The upside of all this is the same.  I can no longer numb myself or keep a buffer zone between myself and all that emotion and truth I need to get through.  Logically I can rationalize the benefits.  The possibility of having a life unconsumed by the abuse and its effects surrounds brings hope in face of soberly tackling the mess the abuse left behind.  However, the thought of digging through all this mess head on, without chemical help, also brings nausea and fear.  There are moments it all feels like a lose-lose situation.
Not drinking has affected my desire to write for the same reason above.  I will feel the full impact of the emotions and memories I post here.  For the last 90 days it seemed easier to keep the laptop off.  
Recently, I wrote out another portion of my story for a support group, first time I have ever done this totally sober.  It was painful, simply because I felt it this time.  There was not my comfortable level of detachment.  In the past I had written out parts of my story in one sitting, maybe taking an hour.   This time around it took nearly the entire week.  I would get a section down and have to stop.  I wrote some of it in a public place, which is a cheap form of putting distance between myself and the words on the paper.  I have a strict rule about making an emotional scene in public.  I barely do it in counseling or in private.  My nerves of steel were now spasming and I was amped up on emotion.  If I had to paint a picture of what life was like that week, leading up to the time I had finished reading my story, it would be of a squirrel in the middle of the road with a car coming at it.  I could not make up my mind which direction to go.  It was like I did not have time to think rationally, and I wasn’t. I experienced my first episode of “white knuckling” and hated every second of it.

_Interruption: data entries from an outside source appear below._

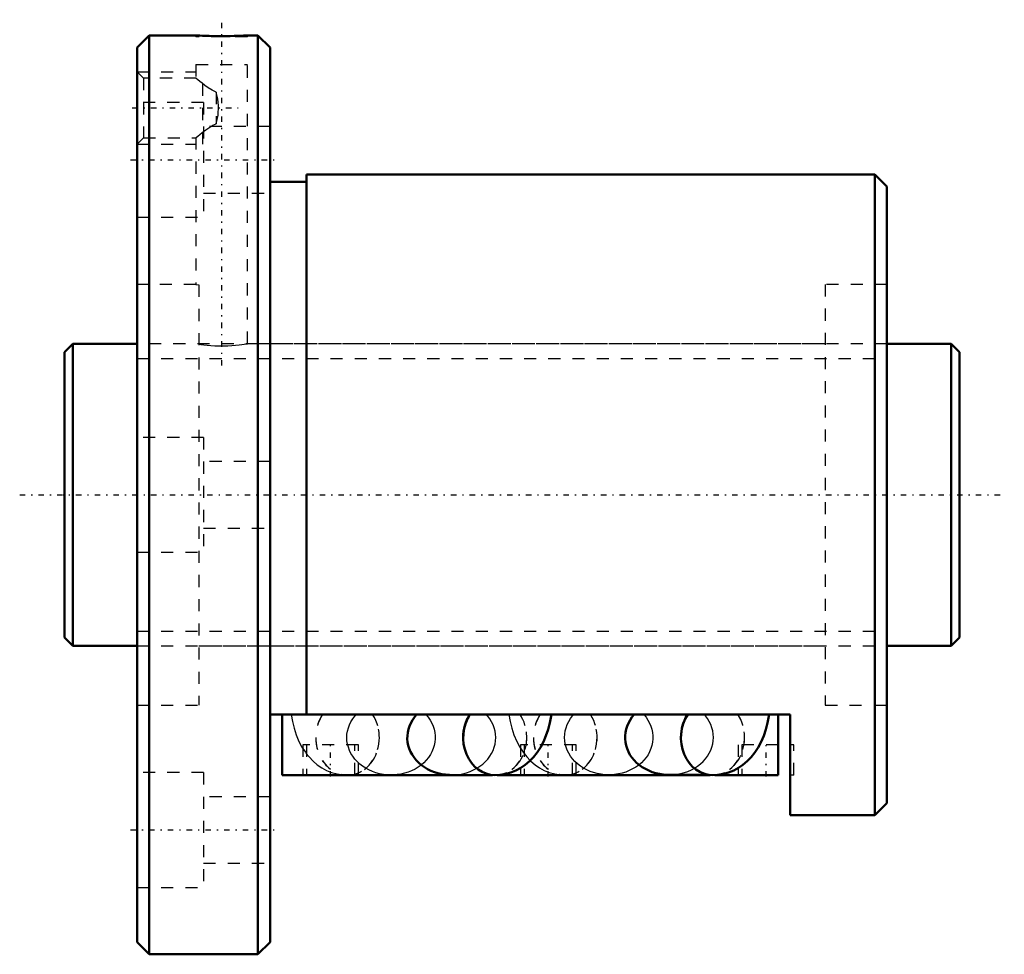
# Model space of a CAD drawing. Header units: millimetres. Extents: x -3.7 to 77.7, y -38 to 39.3.
import ezdxf

# ---------------------------------------------------------------- set-up
doc = ezdxf.new("R2010")
doc.units = ezdxf.units.MM
doc.linetypes.add('Center', pattern=[1.5, 0.45, -0.5, 0.05, -0.5])
doc.linetypes.add('Dashed', pattern=[2, 1, -1])
for name, color, linetype, lineweight in [('2d ConnectionPoints', 7, 'Continuous', 50), ('AM_0', 7, 'Continuous', 50), ('AM_5', 3, 'Continuous', 25), ('AM_7', 7, 'Center', 25), ('AM_9', 6, 'Dashed', 25)]:
    doc.layers.add(name, color=color, linetype=linetype, lineweight=lineweight)

# ---------------------------------------------------------------- blocks, each defined once
blk = doc.blocks.new('1_BIF2506V_5RR_Nut_0_in_BIF2506V_5RRG0_74LC0_000_4')
at = {"layer": 'AM_0'}
for p, q in [((7, 38), (6, 37)), ((10.875, 38), (7, 38)), ((7, 38), (7, -38)), ((16, 38), (15.118, 38)), ((16, 38), (16, -38)), ((17, 37), (16, 38)), ((6, 37), (6, -37)), ((17, 37), (17, -37)), ((67, 26.5), (20, 26.5)), ((20, 26.5), (20, -18.17)), ((68, 25.5), (67, 26.5)), ((67, 26.5), (67, -26.5)), ((20, 25.9), (17, 25.9)), ((68, 25.5), (68, -25.5)), ((60, -18.17), (17, -18.17)), ((18, -23.17), (18, -18.17)), ((59, -23.17), (59, -18.17)), ((60, -26.5), (60, -18.17)), ((35.383, -23.17), (18, -23.17)), ((23.202, -23.175), (23.406, -23.18)), ((53.383, -23.17), (35.776, -23.17)), ((41.202, -23.175), (41.406, -23.18)), ((49.999, -23.16), (53.296, -23.16)), ((59, -23.17), (53.776, -23.17)), ((67, -26.5), (68, -25.5)), ((60, -26.5), (67, -26.5)), ((6, -37), (7, -38)), ((16, -38), (17, -37)), ((7, -38), (16, -38))]:
    blk.add_line(p, q, dxfattribs=at)
for points in [[(15.125, 38), (15.121, 38), (15.069, 37.997), (14.96, 37.991), (14.792, 37.983), (14.579, 37.973), (14.314, 37.963), (14.019, 37.954), (13.687, 37.947), (13.344, 37.942), (12.982, 37.941), (12.631, 37.942), (12.281, 37.947), (11.96, 37.955), (11.661, 37.964), (11.406, 37.974), (11.19, 37.984), (11.031, 37.992), (10.924, 37.997), (10.875, 38)], [(29.111, -18.17), (28.927, -18.391), (28.766, -18.624), (28.63, -18.869), (28.519, -19.122), (28.435, -19.383), (28.378, -19.649), (28.348, -19.919), (28.347, -20.189), (28.373, -20.459), (28.427, -20.725), (28.508, -20.987), (28.615, -21.241), (28.748, -21.487), (28.906, -21.722), (29.088, -21.944), (29.292, -22.152), (29.516, -22.345), (29.759, -22.519), (30.019, -22.676), (30.295, -22.812), (30.583, -22.928), (30.882, -23.022), (31.19, -23.093), (31.503, -23.141), (31.821, -23.166), (31.999, -23.17)], [(35.594, -23.18), (36.03, -23.156), (36.479, -23.08), (36.912, -22.956), (37.327, -22.785), (37.721, -22.572), (38.093, -22.316), (38.443, -22.02), (38.768, -21.684), (39.069, -21.308), (39.345, -20.89), (39.592, -20.432), (39.809, -19.935), (39.99, -19.408), (40.133, -18.859), (40.238, -18.297), (40.257, -18.171)], [(47.102, -18.17), (46.919, -18.391), (46.759, -18.625), (46.624, -18.87), (46.514, -19.124), (46.432, -19.386), (46.376, -19.652), (46.348, -19.921), (46.347, -20.192), (46.375, -20.461), (46.43, -20.727), (46.512, -20.989), (46.621, -21.243), (46.755, -21.488), (46.914, -21.723), (47.097, -21.944), (47.302, -22.152), (47.527, -22.343), (47.771, -22.517), (48.032, -22.673), (48.308, -22.808), (48.597, -22.923), (48.896, -23.015), (49.204, -23.086), (49.518, -23.133), (49.836, -23.157), (49.999, -23.16)], [(53.594, -23.18), (54.03, -23.156), (54.479, -23.08), (54.912, -22.956), (55.327, -22.785), (55.721, -22.572), (56.093, -22.316), (56.443, -22.02), (56.768, -21.684), (57.069, -21.308), (57.345, -20.89), (57.592, -20.432), (57.809, -19.935), (57.99, -19.408), (58.133, -18.859), (58.238, -18.297), (58.257, -18.171)]]:
    blk.add_lwpolyline(points, dxfattribs=at)
for centre, major_axis, start_param, end_param in [((35.594, -20.08), (0, 3.1), 0.906978, 3.141621), ((35.594, -20.07), (0, -3.1), 4.052659, 4.714002), ((53.594, -20.08), (0, 3.1), 0.906978, 3.141608), ((53.594, -20.06), (0, -3.1), 4.056735, 4.715615), ((23.406, -20.08), (0, -3.1), 6.202842, 6.363529), ((41.406, -20.08), (0, -3.1), 6.202842, 6.363529)]:
    blk.add_ellipse(centre, major_axis=major_axis, ratio=0.848048, start_param=start_param, end_param=end_param, dxfattribs=at)
at = {"layer": 'AM_5', "linetype": 'Dashed'}
for p, q in [((6, 35), (10.875, 35)), ((11.44, 29), (11.44, 35)), ((6, 29), (10.875, 29))]:
    blk.add_line(p, q, dxfattribs=at)
at = {"layer": 'AM_7'}
for p, q in [((13, 10.7), (13, 39.3)), ((5.602, 32), (14.368, 32)), ((5.45, 27.713), (17.55, 27.713)), ((22, -23.295), (22, -20.545)), ((40, -23.295), (40, -20.545)), ((58, -23.295), (58, -20.545)), ((5.45, -27.713), (17.55, -27.713))]:
    blk.add_line(p, q, dxfattribs=at)
at = {"layer": 'AM_9'}
for p, q in [((10.875, 38), (10.875, 37.89)), ((15.125, 37.89), (10.875, 37.89)), ((15.125, 37.89), (15.125, 38)), ((10.875, 35.59), (15.125, 35.59)), ((10.875, 35.59), (10.875, 34.441)), ((15.125, 12.5), (15.125, 35.59)), ((6.541, 34.458), (6, 35)), ((10.895, 34.458), (6.541, 34.458)), ((6.541, 34.458), (6.541, 29.541)), ((12.55, 33.316), (12.55, 30.684)), ((11.5, 32.463), (6, 32.463)), ((11.5, 32.463), (11.5, 22.963)), ((17, 30.463), (11.5, 30.463)), ((6, 29), (6.541, 29.541)), ((6.541, 29.541), (10.895, 29.541)), ((10.875, 29.559), (10.875, 17.4)), ((11.5, 24.963), (17, 24.963)), ((6, 22.963), (11.5, 22.963)), ((10.88, 17.4), (6, 17.4)), ((10.875, 17.4), (11.1, 17.374)), ((11.1, 17.374), (11.1, -17.4)), ((62.9, 17.4), (62.9, -17.4)), ((68, 17.4), (62.9, 17.4)), ((62.9, 12.5), (15.122, 12.5)), ((11.5, 4.75), (6, 4.75)), ((11.5, 4.75), (11.5, -4.75)), ((17, 2.75), (11.5, 2.75)), ((11.5, -2.75), (17, -2.75)), ((6, -4.75), (11.5, -4.75)), ((11.1, -12.5), (62.9, -12.5)), ((6, -17.4), (11.1, -17.4)), ((62.9, -17.4), (68, -17.4)), ((24.3, -20.67), (19.7, -20.67)), ((19.7, -20.67), (19.7, -23.17)), ((20, -20.67), (20, -23.17)), ((24, -23.17), (24, -20.67)), ((24.3, -23.17), (24.3, -20.67)), ((42.3, -20.67), (37.7, -20.67)), ((37.7, -20.67), (37.7, -23.17)), ((38, -20.67), (38, -23.17)), ((42, -23.17), (42, -20.67)), ((42.3, -23.17), (42.3, -20.67)), ((59, -20.67), (55.7, -20.67)), ((55.7, -20.67), (55.7, -23.17)), ((56, -20.67), (56, -23.17)), ((60.3, -20.67), (60, -20.67)), ((60.3, -23.17), (60.3, -20.67)), ((11.5, -22.963), (6, -22.963)), ((11.5, -22.963), (11.5, -32.463)), ((35.776, -23.17), (35.383, -23.17)), ((41.406, -23.16), (45.001, -23.16)), ((53.296, -23.16), (53.594, -23.16)), ((53.776, -23.17), (53.383, -23.17)), ((60.3, -23.17), (60, -23.17)), ((17, -24.963), (11.5, -24.963)), ((11.5, -30.463), (17, -30.463)), ((6, -32.463), (11.5, -32.463))]:
    blk.add_line(p, q, dxfattribs=at)
for points in [[(12.55, 33.316), (12.207, 33.469), (11.89, 33.662), (11.617, 33.855), (11.372, 34.044), (11.189, 34.193), (11.038, 34.32), (10.892, 34.444), (10.875, 34.458)], [(12.55, 30.684), (12.707, 31.407), (12.748, 32.163), (12.683, 32.741), (12.55, 33.316)], [(10.875, 29.541), (10.899, 29.562), (11.042, 29.684), (11.195, 29.812), (11.391, 29.971), (11.678, 30.19), (12.019, 30.422), (12.27, 30.564), (12.55, 30.684)], [(11.1, 12.464), (11.284, 12.437), (11.523, 12.406), (11.797, 12.377), (12.114, 12.35), (12.446, 12.331), (12.805, 12.32), (13.155, 12.319), (13.511, 12.329), (13.84, 12.347), (14.155, 12.372), (14.433, 12.401), (14.678, 12.432), (14.871, 12.459), (15.016, 12.482), (15.099, 12.496), (15.125, 12.5)], [(18.743, -18.171), (18.744, -18.178), (18.842, -18.745), (18.98, -19.306), (19.162, -19.857), (19.39, -20.395), (19.637, -20.859), (19.915, -21.286), (19.995, -21.394)], [(27.001, -23.17), (26.682, -23.158), (26.366, -23.123), (26.054, -23.064), (25.75, -22.983), (25.456, -22.88), (25.173, -22.755), (24.904, -22.609), (24.651, -22.445), (24.416, -22.262), (24.2, -22.063), (24.006, -21.848), (23.835, -21.62), (23.688, -21.38), (23.566, -21.13), (23.47, -20.872), (23.401, -20.608), (23.359, -20.34), (23.345, -20.07), (23.359, -19.8), (23.401, -19.532), (23.47, -19.268), (23.566, -19.01), (23.688, -18.76), (23.835, -18.52), (24.006, -18.292), (24.112, -18.17)], [(29.889, -18.17), (30.073, -18.391), (30.234, -18.624), (30.37, -18.869), (30.481, -19.122), (30.565, -19.383), (30.622, -19.649), (30.652, -19.919), (30.653, -20.189), (30.627, -20.459), (30.573, -20.725), (30.492, -20.987), (30.385, -21.241), (30.252, -21.487), (30.094, -21.722), (29.912, -21.944), (29.708, -22.152), (29.484, -22.345), (29.241, -22.519), (28.981, -22.676), (28.705, -22.812), (28.417, -22.928), (28.118, -23.022), (27.81, -23.093), (27.497, -23.141), (27.179, -23.166), (27.001, -23.17)], [(31.999, -23.17), (32.318, -23.158), (32.634, -23.123), (32.946, -23.064), (33.25, -22.983), (33.544, -22.88), (33.827, -22.755), (34.096, -22.609), (34.349, -22.445), (34.584, -22.262), (34.8, -22.063), (34.994, -21.848), (35.165, -21.62), (35.312, -21.38), (35.434, -21.13), (35.53, -20.872), (35.599, -20.608), (35.641, -20.34), (35.655, -20.07), (35.641, -19.8), (35.599, -19.532), (35.53, -19.268), (35.434, -19.01), (35.312, -18.76), (35.165, -18.52), (34.994, -18.292), (34.888, -18.17)], [(36.743, -18.171), (36.744, -18.178), (36.842, -18.745), (36.98, -19.306), (37.162, -19.857), (37.39, -20.395), (37.637, -20.859), (37.915, -21.286), (37.995, -21.394)], [(45.001, -23.16), (44.682, -23.148), (44.366, -23.113), (44.054, -23.054), (43.75, -22.973), (43.456, -22.87), (43.173, -22.745), (42.904, -22.599), (42.651, -22.435), (42.416, -22.252), (42.2, -22.053), (42.006, -21.838), (41.835, -21.61), (41.688, -21.37), (41.566, -21.12), (41.47, -20.862), (41.401, -20.598), (41.359, -20.33), (41.345, -20.06), (41.359, -19.79), (41.401, -19.522), (41.47, -19.258), (41.566, -19), (41.688, -18.75), (41.835, -18.51), (42.006, -18.282), (42.103, -18.17)], [(47.898, -18.17), (48.081, -18.391), (48.241, -18.625), (48.376, -18.87), (48.486, -19.124), (48.568, -19.386), (48.624, -19.652), (48.652, -19.921), (48.653, -20.192), (48.625, -20.461), (48.57, -20.727), (48.488, -20.989), (48.379, -21.243), (48.245, -21.488), (48.086, -21.723), (47.903, -21.944), (47.698, -22.152), (47.473, -22.343), (47.229, -22.517), (46.968, -22.673), (46.692, -22.808), (46.403, -22.923), (46.104, -23.015), (45.796, -23.086), (45.482, -23.133), (45.164, -23.157), (45.001, -23.16)], [(49.999, -23.16), (50.318, -23.148), (50.634, -23.113), (50.946, -23.054), (51.25, -22.973), (51.544, -22.87), (51.827, -22.745), (52.096, -22.599), (52.349, -22.435), (52.584, -22.252), (52.8, -22.053), (52.994, -21.838), (53.165, -21.61), (53.312, -21.37), (53.434, -21.12), (53.53, -20.862), (53.599, -20.598), (53.641, -20.33), (53.655, -20.06), (53.641, -19.79), (53.599, -19.522), (53.53, -19.258), (53.434, -19), (53.312, -18.75), (53.165, -18.51), (52.994, -18.282), (52.897, -18.17)], [(19.995, -21.394), (20.221, -21.672), (20.552, -22.015), (20.905, -22.315), (21.279, -22.572), (21.672, -22.785), (22.081, -22.953), (22.546, -23.086), (23.016, -23.161), (23.202, -23.175)], [(37.995, -21.394), (38.221, -21.672), (38.496, -21.962)], [(38.496, -21.962), (38.552, -22.015), (38.905, -22.315), (39.279, -22.572), (39.672, -22.785), (40.081, -22.953), (40.546, -23.086), (41.016, -23.161), (41.202, -23.175)]]:
    blk.add_lwpolyline(points, dxfattribs=at)
for centre, major_axis, start_param, end_param in [((23.406, -20.07), (0, -3.1), 4.052659, 8.513711), ((23.406, -20.08), (0, -3.1), 4.04857, 6.202842), ((23.406, -20.08), (0, -3.1), 0.080344, 2.234615), ((35.594, -20.07), (0, -3.1), 4.714002, 8.513711), ((35.594, -20.08), (0, 3.1), 3.141621, 5.376208), ((41.406, -20.06), (0, -3.1), 4.056735, 8.509635), ((41.406, -20.08), (0, -3.1), 4.04857, 6.202842), ((41.406, -20.08), (0, -3.1), 0.080344, 2.234615), ((53.594, -20.06), (0, -3.1), 4.715615, 8.509635), ((53.594, -20.08), (0, 3.1), 3.141608, 5.376208)]:
    blk.add_ellipse(centre, major_axis=major_axis, ratio=0.848048, start_param=start_param, end_param=end_param, dxfattribs=at)
blk = doc.blocks.new('2_BIF2506V_5RR000_Shaft_0_in_BIF2506V_5RRG0_74LC0_000_4')
at = {"layer": 'AM_0'}
for p, q in [((0.7, 12.5), (0, 11.8)), ((6, 12.5), (0.7, 12.5)), ((0.7, 12.5), (0.7, -12.5)), ((73.3, 12.5), (68, 12.5)), ((73.3, 12.5), (73.3, -12.5)), ((74, 11.8), (73.3, 12.5)), ((0, 11.8), (0, -11.8)), ((74, 11.8), (74, -11.8)), ((0, -11.8), (0.7, -12.5)), ((73.3, -12.5), (74, -11.8)), ((0.7, -12.5), (6, -12.5)), ((68, -12.5), (73.3, -12.5))]:
    blk.add_line(p, q, dxfattribs=at)
at = {"layer": 'AM_5', "linetype": 'Dashed'}
for p, q in [((6, 11.273), (68, 11.273)), ((6, -11.273), (68, -11.273))]:
    blk.add_line(p, q, dxfattribs=at)
at = {"layer": 'AM_7'}
blk.add_line((-3.7, 0), (77.7, 0), dxfattribs=at)
at = {"layer": 'AM_9'}
for p, q in [((68, 12.5), (6, 12.5)), ((6, -12.5), (68, -12.5))]:
    blk.add_line(p, q, dxfattribs=at)

msp = doc.modelspace()

# ---------------------------------------------------------------- linework, layer by layer
at = {"layer": '2d ConnectionPoints'}
for p in [(0, 0), (6, 0)]:
    msp.add_point(p, dxfattribs=at)

# ---------------------------------------------------------------- block references
for name in ['1_BIF2506V_5RR_Nut_0_in_BIF2506V_5RRG0_74LC0_000_4', '2_BIF2506V_5RR000_Shaft_0_in_BIF2506V_5RRG0_74LC0_000_4']:
    msp.add_blockref(name, (0, 0))

doc.saveas('drawing.dxf')

Approximately an hour after I finished reading the story and the next member told theirs, I felt better in the sense I was no longer rocking back and forth in my seat.  I was exhausted and I was emotionally exhausted well into the next day.  However, I had done it.  I faced my story head on, as nerve-racking as it had been.  I am certainly not saying I will be able to handle my recovery in stride and with grace, but I at least know I have done it once, and the first time is always the hardest, right?

Wednesday, July 20, 2016

Serenity Prayer


God grant me the serenity to accept the things I cannot change, the courage to change the things I can, and the wisdom to know the difference. 

I have to be honest, I have grown weary of this prayer. 

The serenity prayer was written by American theologian Reinhold Niebuhr. Its earliest recorded reference to the prayer is in a diary entry in 1932. In early 1942 it was noticed by Bill W. In AA in an obituary and grew in popularity with the organization and several others over the years. 

For years I have been hearing this prayer quoted in all types of circumstances. Every recovery program I have been involved with used this. It is quoted to give comfort to those who are hurting and those needing encouragement. It has become a standard poem for people searching for something to say in uncomfortable grief moments. I have seen it printed on mugs, wall hangings, pendants, blankets, coasters, cards, journals, and countless other items. In my opinion, it is overused. 

How much comfort can one get from an overused prayer? If it is so repetitious and can be quoted from memory, how does the meaning get across? How much comfort does it really provide? Maybe my problem is I have heard it so many times I have forgotten what it can mean for those needing comfort, including myself. 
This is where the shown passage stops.